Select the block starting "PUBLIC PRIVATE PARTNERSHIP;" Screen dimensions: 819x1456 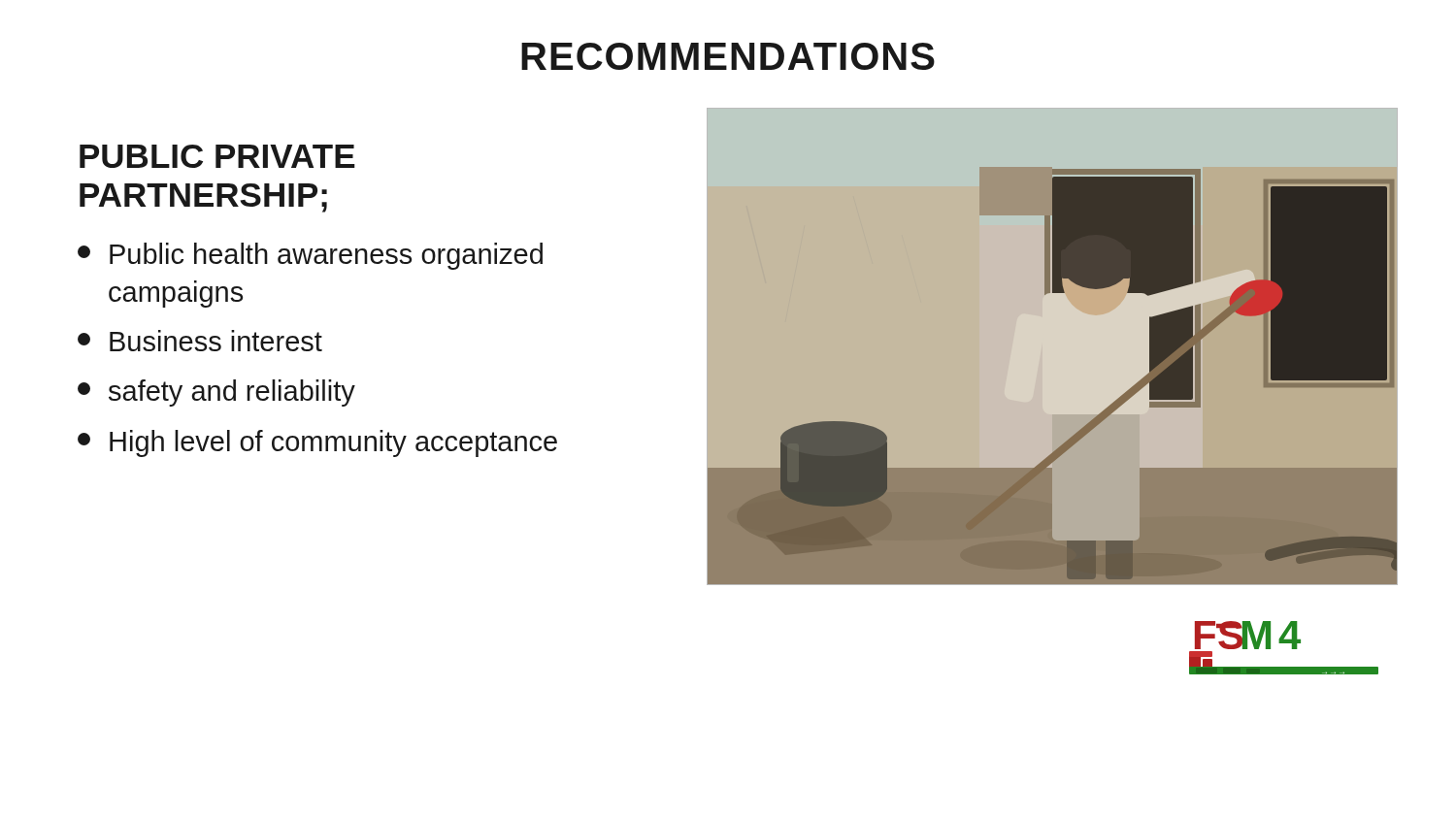click(x=217, y=175)
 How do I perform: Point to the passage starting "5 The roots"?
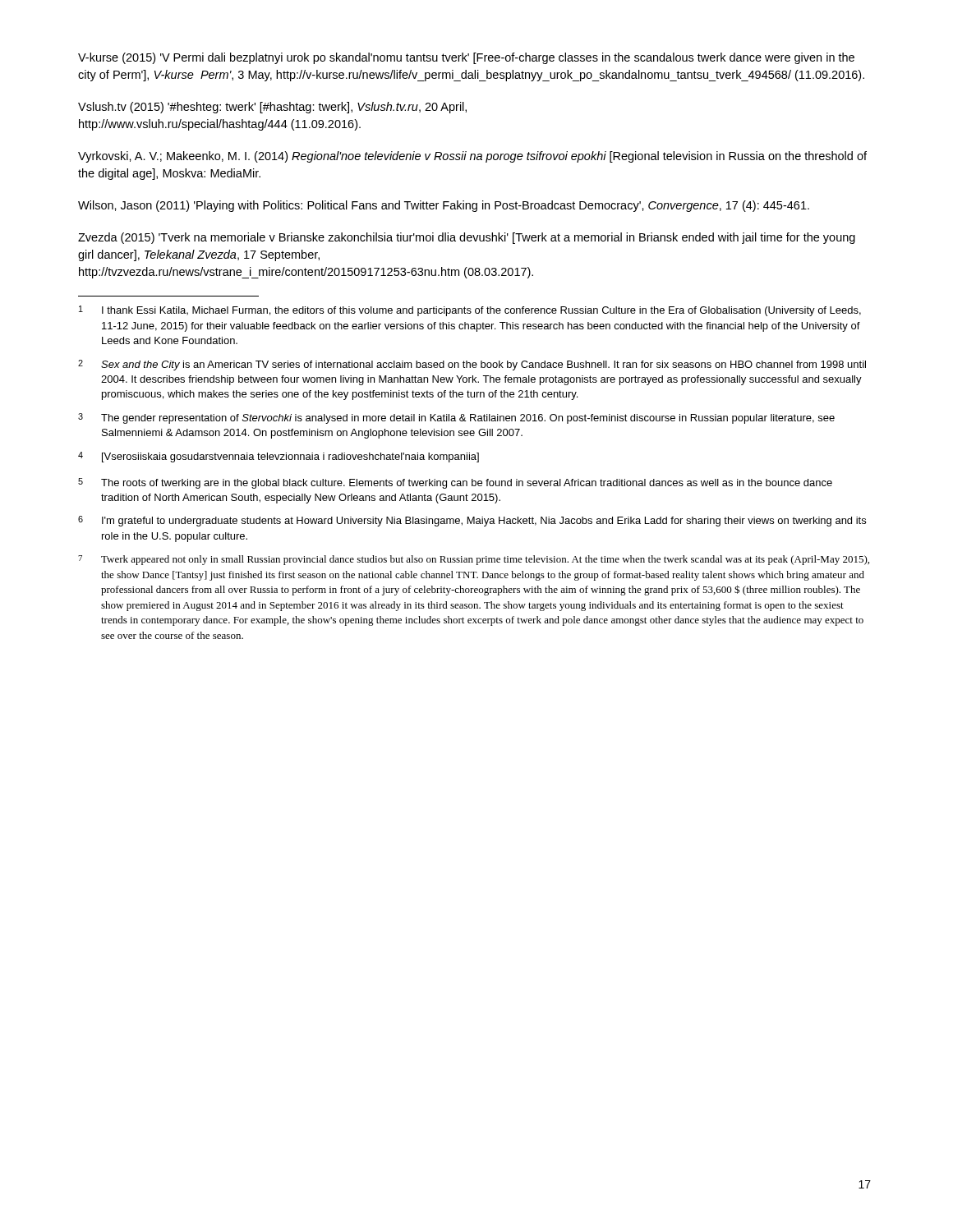point(474,490)
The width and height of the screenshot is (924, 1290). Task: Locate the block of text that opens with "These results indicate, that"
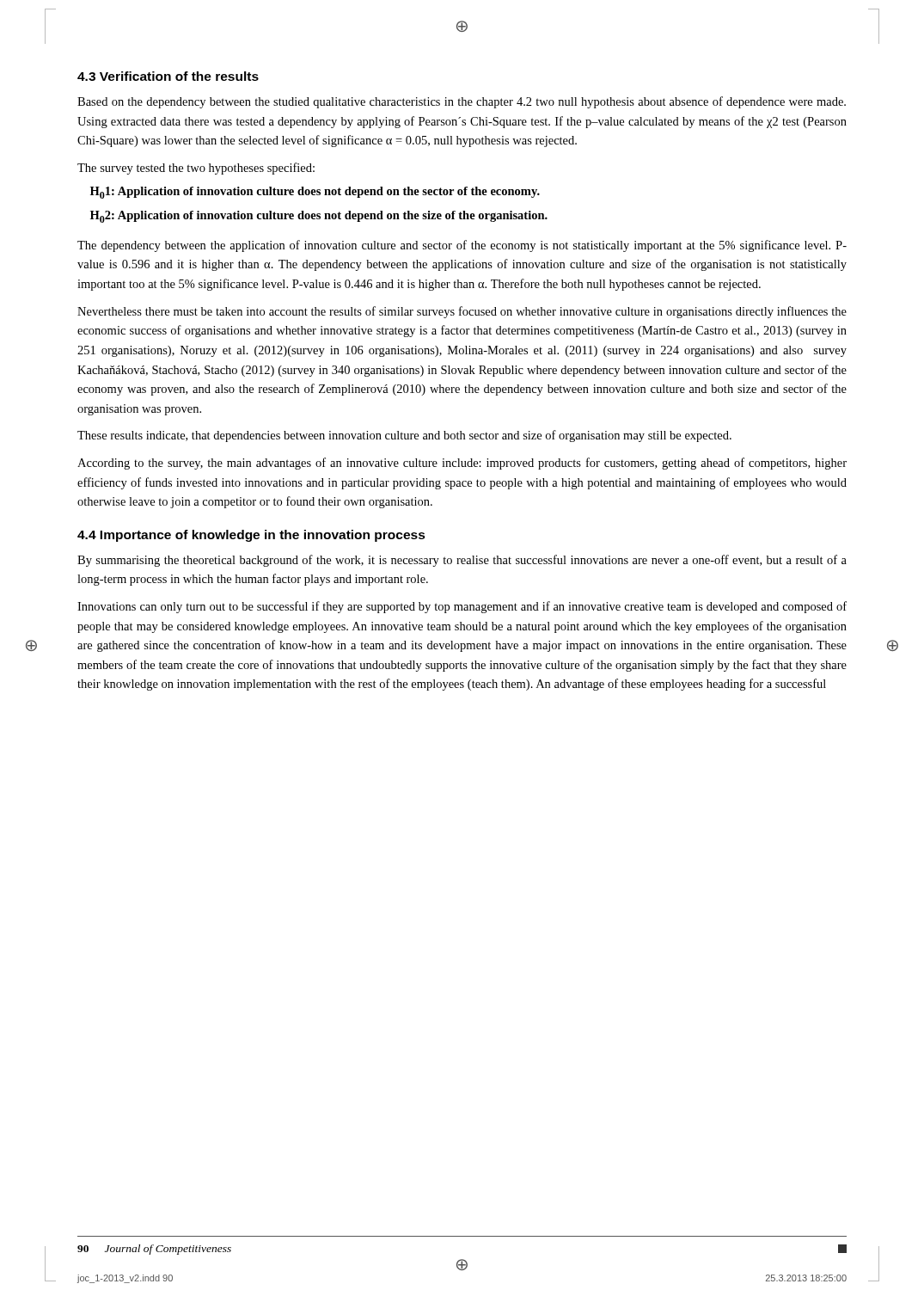pos(405,435)

> _TASK_
Output only the lines that run from the line containing "How do I perform: Point" to the last line of the data, exactly as they stand and without pictures.

> _ANSWER TO THE PROBLEM_
 How do I perform: Point to the passage starting "5 The roots"?
point(474,490)
The width and height of the screenshot is (924, 1290). Task: Locate the block of text that opens with "These results indicate, that"
pos(405,435)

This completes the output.